[Records drawn from a dataset]
((
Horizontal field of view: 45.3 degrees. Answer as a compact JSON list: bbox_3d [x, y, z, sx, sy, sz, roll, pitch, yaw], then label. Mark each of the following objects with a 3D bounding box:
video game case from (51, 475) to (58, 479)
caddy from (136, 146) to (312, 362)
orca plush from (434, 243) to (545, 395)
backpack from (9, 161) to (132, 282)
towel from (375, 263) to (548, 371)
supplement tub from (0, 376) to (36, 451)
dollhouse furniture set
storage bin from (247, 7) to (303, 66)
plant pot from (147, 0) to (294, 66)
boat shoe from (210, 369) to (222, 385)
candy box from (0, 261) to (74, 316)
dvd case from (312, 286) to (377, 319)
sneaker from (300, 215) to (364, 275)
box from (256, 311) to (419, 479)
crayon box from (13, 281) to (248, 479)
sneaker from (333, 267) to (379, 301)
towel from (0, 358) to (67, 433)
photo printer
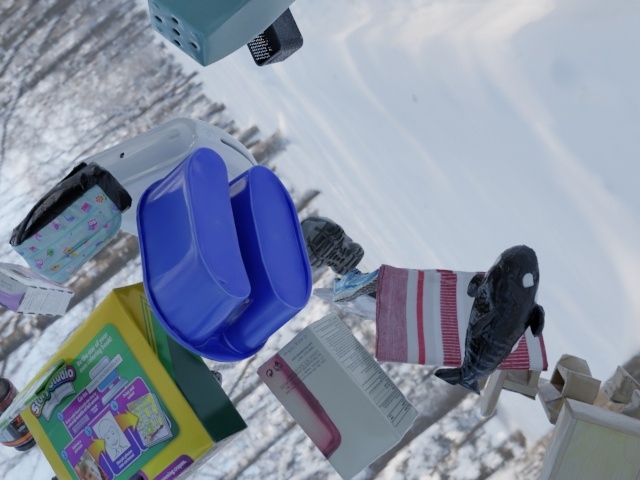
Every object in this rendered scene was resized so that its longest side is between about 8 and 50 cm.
[{"bbox_3d":[-0.537,0.655,1.804,0.196,0.026,0.274,-14,-84,-65],"label":"video game case"},{"bbox_3d":[-0.162,0.022,1.215,0.241,0.179,0.341,15,-131,-40],"label":"caddy"},{"bbox_3d":[0.261,0.137,1.263,0.102,0.287,0.151,-7,-130,-43],"label":"orca plush"},{"bbox_3d":[-0.377,-0.028,1.162,0.115,0.182,0.152,49,168,-18],"label":"backpack"},{"bbox_3d":[0.275,0.151,1.529,0.037,0.329,0.237,91,-177,-47],"label":"towel"},{"bbox_3d":[-0.752,0.427,1.853,0.106,0.106,0.198,53,164,46],"label":"supplement tub"},{"bbox_3d":[0.502,0.399,1.546,0.362,0.256,0.394,17,-167,2],"label":"dollhouse furniture set"},{"bbox_3d":[-0.138,-0.562,2.004,0.122,0.084,0.180,-23,93,48],"label":"storage bin"},{"bbox_3d":[-0.140,-0.390,1.141,0.165,0.234,0.166,37,164,2],"label":"plant pot"},{"bbox_3d":[-0.334,0.331,1.768,0.076,0.229,0.080,-73,-28,-62],"label":"boat shoe"},{"bbox_3d":[-0.699,0.110,1.776,0.165,0.070,0.196,24,178,15],"label":"candy box"},{"bbox_3d":[0.113,0.161,1.941,0.180,0.022,0.253,28,162,-24],"label":"dvd case"},{"bbox_3d":[0.000,0.000,1.559,0.106,0.101,0.267,45,-178,24],"label":"sneaker"},{"bbox_3d":[0.031,0.253,1.269,0.232,0.127,0.148,50,-163,9],"label":"box"},{"bbox_3d":[-0.348,0.303,1.355,0.313,0.363,0.106,54,-153,14],"label":"crayon box"},{"bbox_3d":[0.083,0.089,1.765,0.063,0.162,0.073,6,-114,-47],"label":"sneaker"},{"bbox_3d":[-0.503,0.277,1.316,0.023,0.152,0.113,46,-157,-13],"label":"towel"},{"bbox_3d":[-0.282,-0.117,1.479,0.256,0.308,0.107,36,-141,-59],"label":"photo printer"}]
))
▶ _Aim of the exercise_
Write out the lines of the entries, word for word, from the first through the one containing "caddy from (136, 146) to (312, 362)", and stop at that line.

▶ _Your solution_
Horizontal field of view: 45.3 degrees. Answer as a compact JSON list: bbox_3d [x, y, z, sx, sy, sz, roll, pitch, yaw], then label. Mark each of the following objects with a 3D bounding box:
video game case from (51, 475) to (58, 479)
caddy from (136, 146) to (312, 362)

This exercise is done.